Mendampingi para kandidat
Ibu Pham Thi Kim Hue, Wakil Kepala Sekolah Menengah Chuong Duong (Hong Ha, Hanoi ), menyampaikan: "Sejak awal tahun ajaran, sekolah telah mengembangkan rencana evaluasi secara bertahap, dengan membedakan kelompok siswa secara jelas untuk memberikan solusi yang tepat."

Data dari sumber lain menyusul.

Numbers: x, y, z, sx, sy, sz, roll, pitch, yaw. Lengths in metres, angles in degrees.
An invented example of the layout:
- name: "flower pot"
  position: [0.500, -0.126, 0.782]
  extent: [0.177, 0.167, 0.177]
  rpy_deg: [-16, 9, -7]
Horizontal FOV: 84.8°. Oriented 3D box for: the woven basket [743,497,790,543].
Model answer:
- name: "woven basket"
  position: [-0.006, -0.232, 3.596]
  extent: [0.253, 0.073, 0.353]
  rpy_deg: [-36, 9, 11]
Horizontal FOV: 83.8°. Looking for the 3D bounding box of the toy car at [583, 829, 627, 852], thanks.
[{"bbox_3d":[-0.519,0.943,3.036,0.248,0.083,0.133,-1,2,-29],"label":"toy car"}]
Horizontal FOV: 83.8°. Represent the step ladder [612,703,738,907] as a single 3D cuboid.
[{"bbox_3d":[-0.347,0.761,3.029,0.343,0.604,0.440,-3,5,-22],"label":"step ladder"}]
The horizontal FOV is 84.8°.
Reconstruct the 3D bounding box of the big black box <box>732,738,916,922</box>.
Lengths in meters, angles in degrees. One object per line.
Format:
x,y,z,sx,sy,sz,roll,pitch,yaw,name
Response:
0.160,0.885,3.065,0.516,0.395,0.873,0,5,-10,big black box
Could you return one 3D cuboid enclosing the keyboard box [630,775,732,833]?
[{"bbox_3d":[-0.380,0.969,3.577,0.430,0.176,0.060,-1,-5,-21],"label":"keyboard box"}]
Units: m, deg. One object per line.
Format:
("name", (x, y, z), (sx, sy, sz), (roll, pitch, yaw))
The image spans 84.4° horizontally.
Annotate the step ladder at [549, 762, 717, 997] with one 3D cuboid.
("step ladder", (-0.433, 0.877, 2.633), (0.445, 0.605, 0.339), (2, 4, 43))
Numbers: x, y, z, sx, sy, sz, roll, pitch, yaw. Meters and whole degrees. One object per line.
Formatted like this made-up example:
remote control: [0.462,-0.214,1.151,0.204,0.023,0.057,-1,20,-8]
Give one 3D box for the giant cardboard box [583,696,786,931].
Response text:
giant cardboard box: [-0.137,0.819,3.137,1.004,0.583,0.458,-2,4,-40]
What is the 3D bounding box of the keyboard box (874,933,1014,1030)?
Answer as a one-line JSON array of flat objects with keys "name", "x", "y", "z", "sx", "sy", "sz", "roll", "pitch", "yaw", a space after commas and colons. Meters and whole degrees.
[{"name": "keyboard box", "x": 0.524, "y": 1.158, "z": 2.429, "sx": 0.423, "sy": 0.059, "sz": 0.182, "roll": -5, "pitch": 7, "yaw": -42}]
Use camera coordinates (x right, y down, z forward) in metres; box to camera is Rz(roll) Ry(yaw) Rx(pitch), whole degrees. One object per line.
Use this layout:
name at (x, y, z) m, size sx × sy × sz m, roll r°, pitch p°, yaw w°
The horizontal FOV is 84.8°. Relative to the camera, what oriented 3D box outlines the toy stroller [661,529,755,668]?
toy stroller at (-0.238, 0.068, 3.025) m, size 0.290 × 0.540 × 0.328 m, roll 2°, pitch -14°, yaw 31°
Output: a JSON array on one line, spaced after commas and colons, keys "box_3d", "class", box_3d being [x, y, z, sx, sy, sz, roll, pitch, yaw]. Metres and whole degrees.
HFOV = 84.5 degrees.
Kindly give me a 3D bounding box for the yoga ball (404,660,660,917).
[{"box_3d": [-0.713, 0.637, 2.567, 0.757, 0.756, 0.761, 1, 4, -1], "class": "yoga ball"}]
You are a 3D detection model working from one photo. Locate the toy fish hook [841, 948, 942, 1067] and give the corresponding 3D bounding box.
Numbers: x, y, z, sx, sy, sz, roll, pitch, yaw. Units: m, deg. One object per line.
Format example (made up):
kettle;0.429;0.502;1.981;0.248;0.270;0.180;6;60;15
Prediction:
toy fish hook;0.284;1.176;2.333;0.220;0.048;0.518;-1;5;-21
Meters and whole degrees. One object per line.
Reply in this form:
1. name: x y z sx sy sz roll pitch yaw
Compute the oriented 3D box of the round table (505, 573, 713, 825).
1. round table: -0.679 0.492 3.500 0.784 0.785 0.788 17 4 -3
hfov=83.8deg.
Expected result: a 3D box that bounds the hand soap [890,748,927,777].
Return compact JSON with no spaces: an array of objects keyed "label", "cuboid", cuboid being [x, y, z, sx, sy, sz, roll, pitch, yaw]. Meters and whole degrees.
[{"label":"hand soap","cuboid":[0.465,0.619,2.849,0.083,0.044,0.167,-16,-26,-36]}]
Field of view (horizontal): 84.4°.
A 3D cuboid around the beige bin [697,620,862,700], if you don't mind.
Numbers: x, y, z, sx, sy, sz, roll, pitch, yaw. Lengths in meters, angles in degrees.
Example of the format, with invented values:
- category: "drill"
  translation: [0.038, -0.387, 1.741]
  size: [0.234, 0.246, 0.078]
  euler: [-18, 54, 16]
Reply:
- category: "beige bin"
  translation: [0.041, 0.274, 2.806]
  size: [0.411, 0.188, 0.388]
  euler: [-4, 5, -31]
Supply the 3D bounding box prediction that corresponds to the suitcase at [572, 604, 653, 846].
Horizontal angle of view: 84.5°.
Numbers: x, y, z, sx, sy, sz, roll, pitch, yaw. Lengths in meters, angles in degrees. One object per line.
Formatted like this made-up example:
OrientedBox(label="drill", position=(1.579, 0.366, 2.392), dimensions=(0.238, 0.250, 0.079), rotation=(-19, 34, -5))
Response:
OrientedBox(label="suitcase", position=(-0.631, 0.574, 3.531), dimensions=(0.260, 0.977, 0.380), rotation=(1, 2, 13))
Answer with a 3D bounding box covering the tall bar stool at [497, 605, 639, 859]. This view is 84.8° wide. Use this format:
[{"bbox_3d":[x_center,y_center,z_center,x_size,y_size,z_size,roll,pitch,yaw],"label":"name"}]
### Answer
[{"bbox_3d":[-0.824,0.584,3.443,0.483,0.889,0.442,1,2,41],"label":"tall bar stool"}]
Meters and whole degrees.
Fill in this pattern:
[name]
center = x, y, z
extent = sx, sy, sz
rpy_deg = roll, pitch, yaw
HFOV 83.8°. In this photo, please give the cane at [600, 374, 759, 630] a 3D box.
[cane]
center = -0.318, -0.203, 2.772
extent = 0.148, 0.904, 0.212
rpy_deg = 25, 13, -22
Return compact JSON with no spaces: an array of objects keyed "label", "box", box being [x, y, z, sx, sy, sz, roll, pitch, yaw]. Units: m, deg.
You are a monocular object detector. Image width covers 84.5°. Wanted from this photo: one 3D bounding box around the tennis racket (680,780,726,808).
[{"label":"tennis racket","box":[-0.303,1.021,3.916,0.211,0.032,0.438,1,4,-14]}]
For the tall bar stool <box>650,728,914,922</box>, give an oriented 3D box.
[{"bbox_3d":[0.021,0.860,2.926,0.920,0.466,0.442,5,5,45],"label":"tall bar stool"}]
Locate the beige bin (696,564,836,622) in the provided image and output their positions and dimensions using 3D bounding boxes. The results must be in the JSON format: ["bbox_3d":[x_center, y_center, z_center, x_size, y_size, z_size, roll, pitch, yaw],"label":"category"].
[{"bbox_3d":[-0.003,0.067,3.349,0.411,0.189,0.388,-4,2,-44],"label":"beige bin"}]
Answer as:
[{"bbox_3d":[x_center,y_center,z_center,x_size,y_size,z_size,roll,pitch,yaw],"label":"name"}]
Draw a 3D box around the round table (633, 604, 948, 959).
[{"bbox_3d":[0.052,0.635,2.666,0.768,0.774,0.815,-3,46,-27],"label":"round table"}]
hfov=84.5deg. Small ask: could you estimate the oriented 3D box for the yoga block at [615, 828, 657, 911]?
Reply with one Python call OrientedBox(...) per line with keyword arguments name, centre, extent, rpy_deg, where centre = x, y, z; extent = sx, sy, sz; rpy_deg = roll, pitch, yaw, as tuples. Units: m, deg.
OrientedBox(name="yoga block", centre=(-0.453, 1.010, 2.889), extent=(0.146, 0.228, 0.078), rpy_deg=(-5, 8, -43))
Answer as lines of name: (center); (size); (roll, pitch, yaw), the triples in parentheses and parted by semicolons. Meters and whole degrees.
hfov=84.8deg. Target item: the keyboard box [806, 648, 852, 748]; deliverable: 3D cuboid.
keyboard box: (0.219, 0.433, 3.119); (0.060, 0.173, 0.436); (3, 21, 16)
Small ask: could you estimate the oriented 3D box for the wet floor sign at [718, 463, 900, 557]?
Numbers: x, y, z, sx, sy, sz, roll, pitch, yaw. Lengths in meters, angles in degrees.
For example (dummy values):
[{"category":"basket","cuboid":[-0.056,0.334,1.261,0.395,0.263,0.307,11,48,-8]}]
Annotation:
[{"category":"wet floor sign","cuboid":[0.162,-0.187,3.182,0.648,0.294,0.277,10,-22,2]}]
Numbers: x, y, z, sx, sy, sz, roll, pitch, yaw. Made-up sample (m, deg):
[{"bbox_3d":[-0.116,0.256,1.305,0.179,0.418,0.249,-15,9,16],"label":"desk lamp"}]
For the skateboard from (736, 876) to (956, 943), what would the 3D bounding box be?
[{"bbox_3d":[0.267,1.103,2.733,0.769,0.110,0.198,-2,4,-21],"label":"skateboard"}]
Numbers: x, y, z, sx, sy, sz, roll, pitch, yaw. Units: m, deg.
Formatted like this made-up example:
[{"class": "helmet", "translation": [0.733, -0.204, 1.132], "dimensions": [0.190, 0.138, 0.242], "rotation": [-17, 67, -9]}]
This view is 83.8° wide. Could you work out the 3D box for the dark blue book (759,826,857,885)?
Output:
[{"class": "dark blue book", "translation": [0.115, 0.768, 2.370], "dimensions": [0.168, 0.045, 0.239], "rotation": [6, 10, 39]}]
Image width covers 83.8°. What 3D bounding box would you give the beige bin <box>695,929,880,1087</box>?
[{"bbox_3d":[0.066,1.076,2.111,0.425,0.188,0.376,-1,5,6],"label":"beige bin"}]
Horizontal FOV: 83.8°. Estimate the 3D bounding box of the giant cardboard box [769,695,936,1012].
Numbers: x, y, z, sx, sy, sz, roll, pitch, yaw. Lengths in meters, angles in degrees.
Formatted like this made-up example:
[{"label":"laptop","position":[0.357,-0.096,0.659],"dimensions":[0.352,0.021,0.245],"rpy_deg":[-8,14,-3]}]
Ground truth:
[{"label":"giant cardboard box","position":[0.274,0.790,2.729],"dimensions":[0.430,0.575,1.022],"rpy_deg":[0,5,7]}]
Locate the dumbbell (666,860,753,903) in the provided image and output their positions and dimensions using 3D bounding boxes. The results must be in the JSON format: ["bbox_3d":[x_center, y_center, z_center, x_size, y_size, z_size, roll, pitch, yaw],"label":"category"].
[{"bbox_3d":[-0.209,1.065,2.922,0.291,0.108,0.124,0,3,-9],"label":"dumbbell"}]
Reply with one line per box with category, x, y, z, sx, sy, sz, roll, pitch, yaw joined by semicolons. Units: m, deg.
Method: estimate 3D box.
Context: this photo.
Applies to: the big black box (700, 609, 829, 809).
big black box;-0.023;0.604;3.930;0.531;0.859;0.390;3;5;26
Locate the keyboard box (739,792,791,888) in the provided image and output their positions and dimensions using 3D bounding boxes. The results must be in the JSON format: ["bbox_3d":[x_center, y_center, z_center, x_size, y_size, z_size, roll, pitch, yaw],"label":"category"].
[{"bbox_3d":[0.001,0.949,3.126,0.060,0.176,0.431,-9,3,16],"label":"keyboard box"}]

Tim-tim khusus mata pelajaran, terutama Matematika, Sastra, dan Bahasa Inggris, secara rutin meninjau kualitas, menyusun bank soal, dan menyelenggarakan tes sesuai dengan struktur dan pedoman Dinas Pendidikan dan Pelatihan Hanoi untuk membiasakan siswa dengan tekanan ujian dan keterampilan manajemen waktu.
Sekolah ini menyediakan kelas remedial gratis untuk siswa dengan pengetahuan terbatas dan pelatihan lanjutan untuk siswa yang ingin masuk ke sekolah menengah unggulan. Guru wali kelas dan guru mata pelajaran bekerja sama dengan orang tua untuk memantau kemajuan dan kondisi psikologis setiap siswa, menghindari tekanan berlebihan selama periode "dorongan terakhir".
Selain aspek akademis, kesehatan mental siswa yang akan lulus sangatlah penting. Sekolah memperkuat kegiatan seperti konseling psikologis, bimbingan karir, dan keterampilan mengurangi stres menjelang ujian; sekaligus mempertahankan kegiatan berbasis pengalaman, olahraga , dan kegiatan kelompok untuk membantu siswa mencapai keseimbangan, bukan hanya belajar terus-menerus.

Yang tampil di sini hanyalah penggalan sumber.